:: SUPPLIED INFORMATION

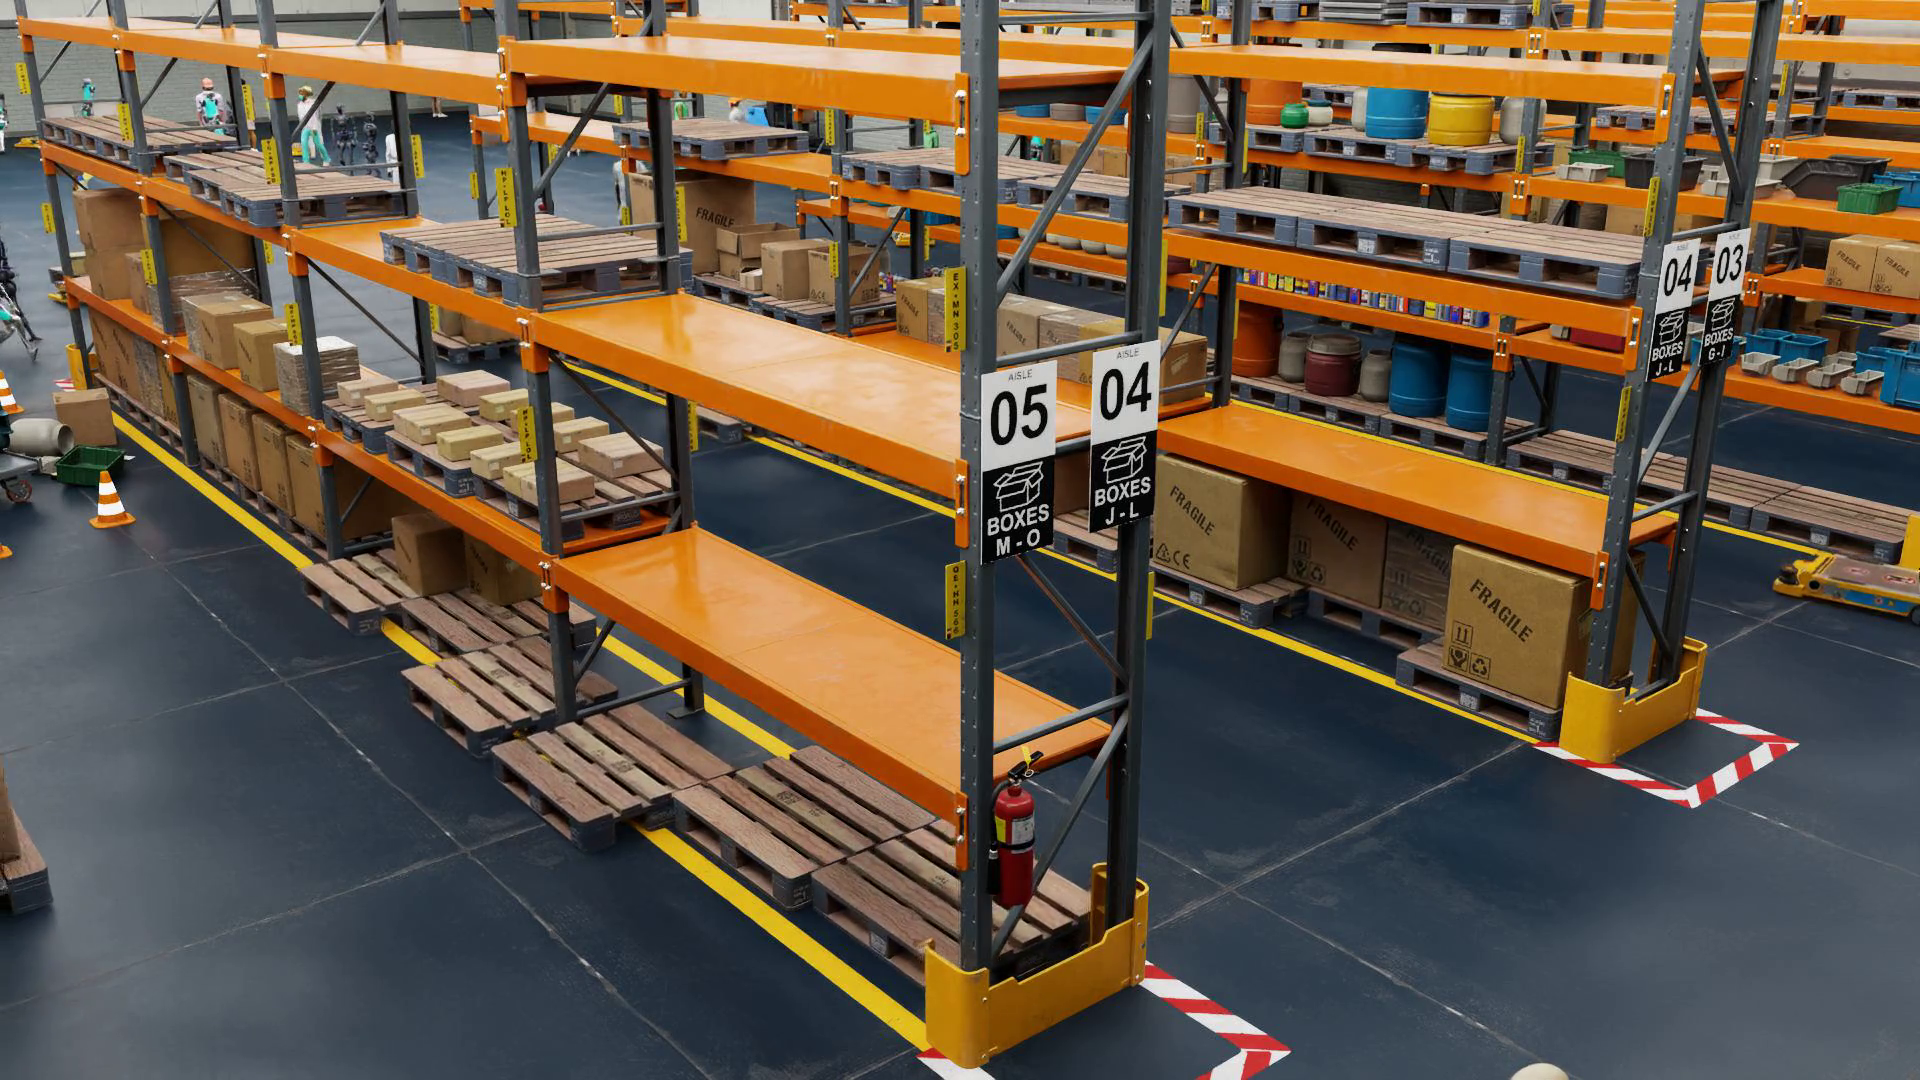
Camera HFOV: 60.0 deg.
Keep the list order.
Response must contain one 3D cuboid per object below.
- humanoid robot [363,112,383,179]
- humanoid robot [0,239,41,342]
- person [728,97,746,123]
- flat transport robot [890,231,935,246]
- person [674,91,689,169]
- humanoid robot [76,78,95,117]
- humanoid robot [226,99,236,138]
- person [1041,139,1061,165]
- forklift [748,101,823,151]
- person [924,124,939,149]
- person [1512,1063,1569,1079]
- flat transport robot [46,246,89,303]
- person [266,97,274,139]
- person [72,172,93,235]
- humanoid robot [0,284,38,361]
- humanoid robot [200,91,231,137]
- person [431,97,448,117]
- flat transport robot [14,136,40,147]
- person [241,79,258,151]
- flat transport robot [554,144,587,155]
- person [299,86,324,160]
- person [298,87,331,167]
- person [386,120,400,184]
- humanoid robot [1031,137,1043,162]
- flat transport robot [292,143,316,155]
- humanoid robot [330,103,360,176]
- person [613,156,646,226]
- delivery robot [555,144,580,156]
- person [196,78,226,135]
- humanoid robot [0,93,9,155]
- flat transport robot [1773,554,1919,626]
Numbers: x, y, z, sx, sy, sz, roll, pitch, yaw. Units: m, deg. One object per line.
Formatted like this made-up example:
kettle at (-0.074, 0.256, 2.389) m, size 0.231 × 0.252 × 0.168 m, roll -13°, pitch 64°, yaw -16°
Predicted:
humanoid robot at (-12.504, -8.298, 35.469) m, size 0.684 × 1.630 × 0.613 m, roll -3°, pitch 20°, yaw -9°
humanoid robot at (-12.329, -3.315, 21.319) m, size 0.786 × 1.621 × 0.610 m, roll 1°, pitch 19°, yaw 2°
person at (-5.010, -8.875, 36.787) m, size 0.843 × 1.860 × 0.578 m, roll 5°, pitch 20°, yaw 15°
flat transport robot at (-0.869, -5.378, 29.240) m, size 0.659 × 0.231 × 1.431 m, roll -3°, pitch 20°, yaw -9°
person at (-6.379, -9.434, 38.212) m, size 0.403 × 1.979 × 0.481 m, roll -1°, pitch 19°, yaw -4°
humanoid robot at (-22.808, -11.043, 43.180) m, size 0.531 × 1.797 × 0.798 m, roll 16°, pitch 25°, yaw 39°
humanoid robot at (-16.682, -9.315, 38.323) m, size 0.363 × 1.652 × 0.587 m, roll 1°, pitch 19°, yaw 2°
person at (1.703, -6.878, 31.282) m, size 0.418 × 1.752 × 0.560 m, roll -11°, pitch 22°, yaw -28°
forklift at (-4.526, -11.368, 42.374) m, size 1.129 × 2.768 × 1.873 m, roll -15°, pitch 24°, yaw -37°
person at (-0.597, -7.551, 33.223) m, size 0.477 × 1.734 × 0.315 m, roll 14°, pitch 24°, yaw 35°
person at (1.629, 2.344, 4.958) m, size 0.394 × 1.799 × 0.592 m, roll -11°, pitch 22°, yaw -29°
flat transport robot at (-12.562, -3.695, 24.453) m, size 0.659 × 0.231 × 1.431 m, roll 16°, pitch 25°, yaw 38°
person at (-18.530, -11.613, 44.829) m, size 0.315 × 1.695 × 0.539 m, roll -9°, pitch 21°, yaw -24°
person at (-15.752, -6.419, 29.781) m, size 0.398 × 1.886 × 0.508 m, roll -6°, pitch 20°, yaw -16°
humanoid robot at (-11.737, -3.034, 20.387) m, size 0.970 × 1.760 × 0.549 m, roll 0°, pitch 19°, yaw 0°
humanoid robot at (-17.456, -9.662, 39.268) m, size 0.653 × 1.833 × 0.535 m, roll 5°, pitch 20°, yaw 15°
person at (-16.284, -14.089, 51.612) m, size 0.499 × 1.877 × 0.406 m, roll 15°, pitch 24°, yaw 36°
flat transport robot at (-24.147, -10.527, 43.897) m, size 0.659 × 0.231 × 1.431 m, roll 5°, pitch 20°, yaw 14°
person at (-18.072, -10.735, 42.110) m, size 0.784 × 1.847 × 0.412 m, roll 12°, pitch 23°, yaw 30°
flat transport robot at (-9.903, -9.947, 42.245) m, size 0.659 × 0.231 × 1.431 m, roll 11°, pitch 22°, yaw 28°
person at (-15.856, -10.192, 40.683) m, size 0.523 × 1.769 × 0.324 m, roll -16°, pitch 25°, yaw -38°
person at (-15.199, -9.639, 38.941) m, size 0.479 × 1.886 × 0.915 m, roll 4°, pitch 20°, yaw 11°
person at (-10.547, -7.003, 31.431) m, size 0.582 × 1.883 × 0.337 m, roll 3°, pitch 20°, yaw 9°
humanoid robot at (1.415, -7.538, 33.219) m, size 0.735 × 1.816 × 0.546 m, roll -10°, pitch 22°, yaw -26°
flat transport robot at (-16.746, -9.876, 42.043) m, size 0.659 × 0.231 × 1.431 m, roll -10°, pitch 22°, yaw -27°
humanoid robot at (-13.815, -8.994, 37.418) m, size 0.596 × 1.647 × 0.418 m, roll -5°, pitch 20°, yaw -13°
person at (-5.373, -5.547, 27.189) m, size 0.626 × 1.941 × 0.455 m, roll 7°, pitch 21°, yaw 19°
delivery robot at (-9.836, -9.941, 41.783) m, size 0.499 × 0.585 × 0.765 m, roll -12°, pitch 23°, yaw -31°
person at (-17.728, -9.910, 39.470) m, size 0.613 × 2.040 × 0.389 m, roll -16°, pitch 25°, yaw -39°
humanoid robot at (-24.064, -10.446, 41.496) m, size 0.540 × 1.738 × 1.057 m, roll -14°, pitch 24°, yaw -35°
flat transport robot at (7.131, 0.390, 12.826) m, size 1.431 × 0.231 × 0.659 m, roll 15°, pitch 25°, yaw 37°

::::
:: SUPPLIED INFORMATION

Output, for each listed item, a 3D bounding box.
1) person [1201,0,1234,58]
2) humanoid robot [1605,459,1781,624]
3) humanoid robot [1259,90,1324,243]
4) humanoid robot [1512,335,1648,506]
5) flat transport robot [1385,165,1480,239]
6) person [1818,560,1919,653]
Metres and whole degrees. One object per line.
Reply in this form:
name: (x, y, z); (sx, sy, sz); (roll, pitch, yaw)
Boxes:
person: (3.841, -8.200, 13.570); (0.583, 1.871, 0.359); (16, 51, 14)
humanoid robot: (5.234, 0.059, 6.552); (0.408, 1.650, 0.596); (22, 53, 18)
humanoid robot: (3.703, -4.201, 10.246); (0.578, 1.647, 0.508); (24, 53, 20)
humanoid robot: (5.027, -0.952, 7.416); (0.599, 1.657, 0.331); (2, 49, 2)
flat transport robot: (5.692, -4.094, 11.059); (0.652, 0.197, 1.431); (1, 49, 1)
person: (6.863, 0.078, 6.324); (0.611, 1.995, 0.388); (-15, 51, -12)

::::
:: SUPPLIED INFORMATION

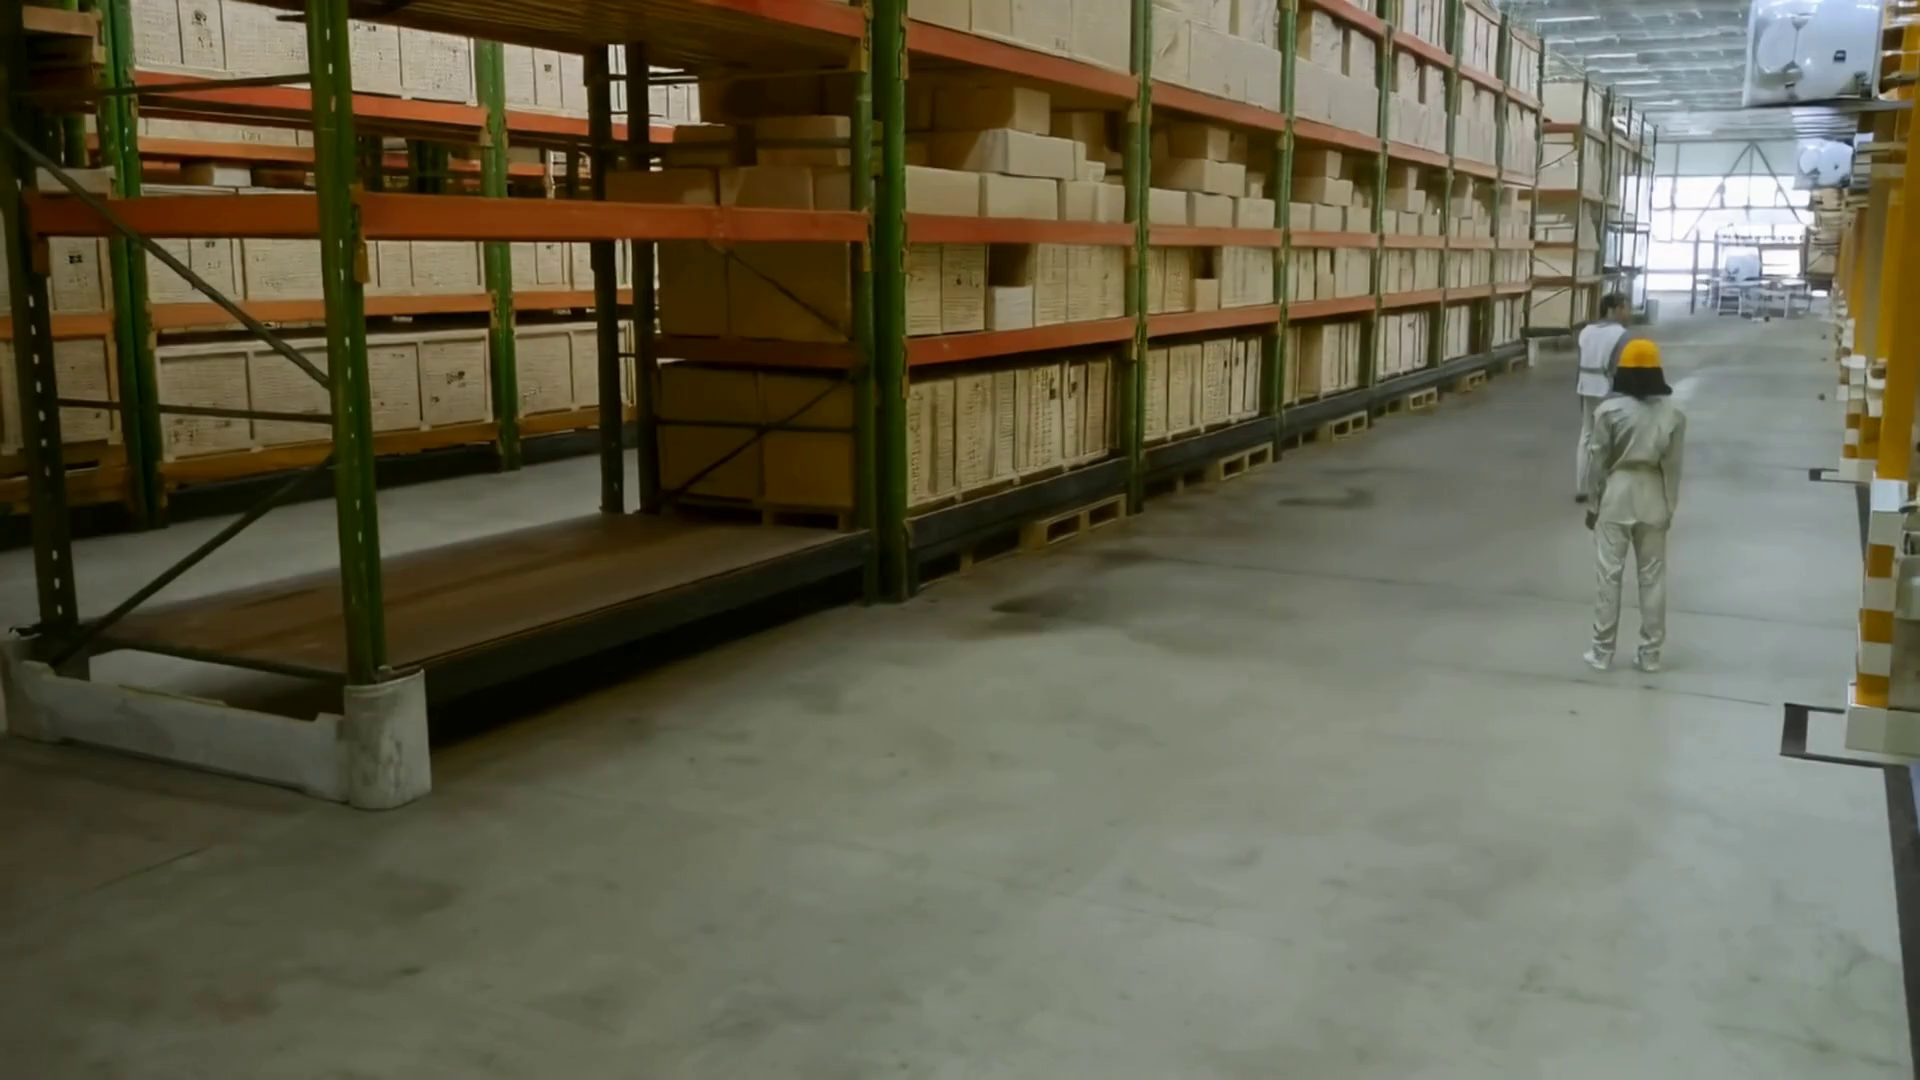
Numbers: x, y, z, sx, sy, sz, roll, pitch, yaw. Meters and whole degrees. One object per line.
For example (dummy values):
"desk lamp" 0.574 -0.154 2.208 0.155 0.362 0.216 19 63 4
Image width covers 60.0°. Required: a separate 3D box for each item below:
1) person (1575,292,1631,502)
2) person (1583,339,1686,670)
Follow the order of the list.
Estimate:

::::

*TASK ITEM:*
Only the lines above from the one with "Camera HFOV: 60.0 deg." up to and including the one with "kettle at (-0.074, 0.256, 2.389)" should be repeated, exactly as written.

*REPLY TO THE TASK:*
Camera HFOV: 60.0 deg.
Keep the list order.
Response must contain one 3D cuboid per object below.
- humanoid robot [363,112,383,179]
- humanoid robot [0,239,41,342]
- person [728,97,746,123]
- flat transport robot [890,231,935,246]
- person [674,91,689,169]
- humanoid robot [76,78,95,117]
- humanoid robot [226,99,236,138]
- person [1041,139,1061,165]
- forklift [748,101,823,151]
- person [924,124,939,149]
- person [1512,1063,1569,1079]
- flat transport robot [46,246,89,303]
- person [266,97,274,139]
- person [72,172,93,235]
- humanoid robot [0,284,38,361]
- humanoid robot [200,91,231,137]
- person [431,97,448,117]
- flat transport robot [14,136,40,147]
- person [241,79,258,151]
- flat transport robot [554,144,587,155]
- person [299,86,324,160]
- person [298,87,331,167]
- person [386,120,400,184]
- humanoid robot [1031,137,1043,162]
- flat transport robot [292,143,316,155]
- humanoid robot [330,103,360,176]
- person [613,156,646,226]
- delivery robot [555,144,580,156]
- person [196,78,226,135]
- humanoid robot [0,93,9,155]
- flat transport robot [1773,554,1919,626]
Numbers: x, y, z, sx, sy, sz, roll, pitch, yaw. Units: m, deg. One object per line.
Formatted like this made-up example:
kettle at (-0.074, 0.256, 2.389) m, size 0.231 × 0.252 × 0.168 m, roll -13°, pitch 64°, yaw -16°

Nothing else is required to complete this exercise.